= COST Hata model =

Radio propagation model

The COST Hata model is a radio propagation model (i.e. path loss) that extends the urban Hata model (which in turn is based on the Okumura model) to cover a more elaborated range of frequencies (up to 2 GHz). It is the most often cited of the COST 231 models (EU funded research project ca. April 1986 – April 1996), also called the Hata Model PCS Extension. This model is the combination of empirical and deterministic models for estimating path loss in an urban area over frequency range of 800 MHz to 2000 MHz.

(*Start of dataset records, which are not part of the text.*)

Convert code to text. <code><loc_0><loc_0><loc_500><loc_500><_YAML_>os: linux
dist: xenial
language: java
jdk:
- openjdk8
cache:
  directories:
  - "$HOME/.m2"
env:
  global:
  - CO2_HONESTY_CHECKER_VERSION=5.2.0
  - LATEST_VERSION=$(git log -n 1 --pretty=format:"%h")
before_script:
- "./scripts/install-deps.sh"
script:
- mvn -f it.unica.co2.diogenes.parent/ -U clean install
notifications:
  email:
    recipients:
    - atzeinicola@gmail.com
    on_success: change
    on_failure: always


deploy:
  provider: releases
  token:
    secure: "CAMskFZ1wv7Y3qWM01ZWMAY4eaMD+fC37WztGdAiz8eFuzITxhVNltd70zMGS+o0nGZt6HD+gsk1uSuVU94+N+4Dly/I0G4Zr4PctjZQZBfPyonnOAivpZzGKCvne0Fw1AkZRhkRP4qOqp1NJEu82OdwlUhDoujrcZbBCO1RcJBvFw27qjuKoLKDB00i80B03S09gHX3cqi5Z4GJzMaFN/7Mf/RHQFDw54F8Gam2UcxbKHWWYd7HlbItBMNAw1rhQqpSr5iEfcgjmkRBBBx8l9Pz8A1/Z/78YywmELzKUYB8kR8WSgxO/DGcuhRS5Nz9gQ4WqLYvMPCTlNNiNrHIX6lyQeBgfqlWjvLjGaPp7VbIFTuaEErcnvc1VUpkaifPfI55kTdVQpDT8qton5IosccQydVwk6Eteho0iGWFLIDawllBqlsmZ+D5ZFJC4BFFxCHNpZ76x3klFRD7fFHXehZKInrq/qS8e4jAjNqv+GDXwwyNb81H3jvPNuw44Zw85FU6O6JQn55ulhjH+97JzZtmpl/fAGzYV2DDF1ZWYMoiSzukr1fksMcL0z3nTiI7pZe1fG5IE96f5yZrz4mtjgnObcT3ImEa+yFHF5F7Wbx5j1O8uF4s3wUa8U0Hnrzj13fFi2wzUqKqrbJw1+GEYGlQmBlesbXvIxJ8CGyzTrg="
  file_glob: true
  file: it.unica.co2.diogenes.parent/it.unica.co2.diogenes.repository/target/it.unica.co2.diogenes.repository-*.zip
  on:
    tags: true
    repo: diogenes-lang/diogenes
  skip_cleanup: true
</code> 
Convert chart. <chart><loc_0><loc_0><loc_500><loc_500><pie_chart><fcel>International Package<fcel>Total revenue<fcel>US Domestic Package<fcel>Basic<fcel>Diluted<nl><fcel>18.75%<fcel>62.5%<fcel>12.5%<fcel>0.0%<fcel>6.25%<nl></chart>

COST (COopération européenne dans le domaine de la recherche Scientifique et Technique) is a European Union Forum for cooperative scientific research which has developed this model based on experimental measurements in multiple cities across Europe.

==Applicable to / under conditions==
This model is applicable to macro cells in urban areas. To further evaluate Path Loss in suburban or rural (quasi-)open areas, this path loss has to be substituted into Urban to Rural / Urban to Suburban Conversions. (Ray GAO, 09 Sep 2007)

==Coverage==
- Frequency: 1500–2000 MHz
- Mobile station antenna height: 1–10 m
- Base station antenna height: 30–200 m
- Link distance: 1–20 km

==Mathematical formulation==
The COST Hata model is formulated as,

$L_b = 46.3 + 33.9 \log_{10} \frac{f}\text{MHz} - 13.82 \log_{10} \frac{h_B}\text{m} - a(h_R, f) + \left( 44.9 - 6.55 \log_{10} \frac{h_B}\text{m} \right) \log_{10} \frac{d}\text{km} + C_m$

where,
| $L_b$ | Median path loss. Unit: decibel (dB) |
| $f$ | Frequency of Transmission. Unit: megahertz (MHz) |
| $h_B$ | Base station antenna effective height. Unit: meter (m) |
| $d$ | Link distance. Unit: Kilometer (km) |
| $h_R$ | Mobile station antenna effective height. Unit: meter (m) |
| $a(h_R, f)$ | Mobile station antenna height correction factor as described in the Hata model for urban areas. For suburban or rural environments this factor is defined as, $a(h_R,f) = \left( 1.1 \log_{10} \frac{f}\text{MHz} - 0.7 \right) \frac{h_R}\text{m} - \left( 1.56 \log_{10} \frac{f}\text{MHz} - 0.8 \right)$ and, for urban environments (i.e. large cities) as, $$a(h_R,f) = \begin{cases}8.29 (\log_{10} ({1.54 h_R}))^2 - 1.1 &,\text{if } 150 \le f \le 200 \\ 3.2 \left( \log_{10} \left( {11.75 h_R} \right) \right)^2 - 4.97 &,\text{if } 200 < f \le 1500\end{cases}$$ |
| $C_m$ | Constant offset. Unit: decibel (dB). Defined as, $$C_m = \begin{cases} 0\ dB \quad \text{for medium cities and suburban areas} \\ 3\ dB \quad \text{for metropolitan areas} \end{cases}$$ |

==Limitations==
This model requires that the base station antenna is higher than all adjacent rooftops.